Le Fonds Monétaire International (FMI) s’est allié avec les biologistes de la Great Whale Conservancy, pour arriver à un constat surprenant. Il faut protéger les baleines, pas seulement au nom de la biodiversité, mais aussi à celui du climat. Elles contribuent de manière importante au stockage de carbone dans les océans. Et les chercheurs ont ainsi quantifié la valeur économique de la baleine…
Biodiversité et argent
Les baleines font l’objet de nombreuses études, mais ce qui les intéressent ici, c’est particulièrement leur rôle dans la réduction du taux de dioxyde de carbone (CO2) dans les océans. Or la protection de la baleine est souvent considérée comme une sorte d’œuvre caritative que les gouvernement font au nom de la protection de la nature.
Mais si, comme le FMI le fait, en plus du maintien de la biodiversité, on parle argent, les décideurs seront sans doute prêts à ouvrir l’oreille. Ses chercheurs ont donc collaboré avec les biologistes pour quantifier la valeur économique de la baleine, en prenant en compte le CO2 qu’elle emmagasine tout au long de sa vie. Et il existe aussi celui qu’elle participe à capter. Cela leur permet de conclure qu’une « stratégie de protection des baleines peut limiter les gaz à effet de serre et le réchauffement » de la planète.
La séquestration du CO2 par les baleines
En effet, les baleines aident à la séquestration du carbone de différentes façons. Se nourrissant de phytoplancton et de krill, qui absorbent le CO2 de l’atmosphère, elles stockent le carbone dans leur corps riche en graisse et en protéines, en en accumulant ainsi des tonnes. Quand elles meurent, les carcasses coulent au fond de la mer. Et le processus de décomposition peut durer des siècles : le CO2 reste donc piéger au fond de l’océan.
De plus, les excréments des baleines contiennent d’importantes quantités de fer, de phosphore et d’azote. Dispersés sur des milliers de kilomètres, en fonction de leurs déplacements, ils flottent et participent directement à la croissance du phytoplancton, en agissant comme fertilisant. Il a en effet besoin de ces nutriments pour se développer et absorber le CO2. Une partie du plancton non-consommé finit aussi par couler, entraînant avec lui le CO2 qu’il contient.

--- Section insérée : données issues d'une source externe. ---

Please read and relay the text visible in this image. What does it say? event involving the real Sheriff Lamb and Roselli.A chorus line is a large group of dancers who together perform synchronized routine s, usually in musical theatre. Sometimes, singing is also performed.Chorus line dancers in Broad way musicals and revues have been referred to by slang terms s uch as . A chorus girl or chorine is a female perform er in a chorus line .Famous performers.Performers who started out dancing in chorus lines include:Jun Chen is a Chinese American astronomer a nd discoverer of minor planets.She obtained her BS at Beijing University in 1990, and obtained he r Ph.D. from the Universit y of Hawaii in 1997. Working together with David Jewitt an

Les baleines seraient ainsi à l’origine de la capture de 1,7 milliard de tonnes de dioxyde de carbone : plus que les émissions annuelles d’un pays comme le Brésil. Et le plancton végétal absorbe environ 37 milliards de tonnes métriques de CO2 chaque année. « Pour mettre les choses en perspective, nous estimons que cela est l’équivalent de la quantité de CO2 capturé par 1700 milliards d’arbres », soit « l’équivalent de quatre forêts amazoniennes », calcule le FMI.
Une valeur économique
Ainsi, estime le FMI, « la valeur des fonctions assurées par les baleines au sein du système océanique/terrestre (…) devrait être intégrée dans l’évaluation du coût lié à leur protection ». Et des baleines en bonne santé et plus abondantes permettraient de capturer toujours plus de carbone et de lutter contre le réchauffement climatique. En rétablissant le nombre de baleines existant avant la chasse commerciale, soit 4 à 5 millions au lieu de 1,3 aujourd’hui, « cela pourrait ajouter une quantité [considérable] de phytoplancton dans les océans, et donc de carbone capté chaque année ». « Même une augmentation de 1 % de la productivité de phytoplancton permettrait de capturer des centaines de millions de tonnes de CO2 chaque année, soit l’équivalent de l’apparition soudaine de deux milliards d’arbres matures. »
Les chercheurs attribuent ainsi une valeur monétaire à chaque cétacé : « Notre estimation conservatrice évalue que chaque baleine vaut plus de deux millions de dollars, et donc plus de 1000 milliards de dollars pour l’ensemble des populations actuelles de grandes baleines ». L’analyse ajoute « Sachant que le rôle des baleines est irremplaçable dans l’atténuation et la lutte contre les changements climatiques, leur survie devrait être intégrée dans les objectifs des 195 États qui ont signé l’Accord de Paris en 2015 ».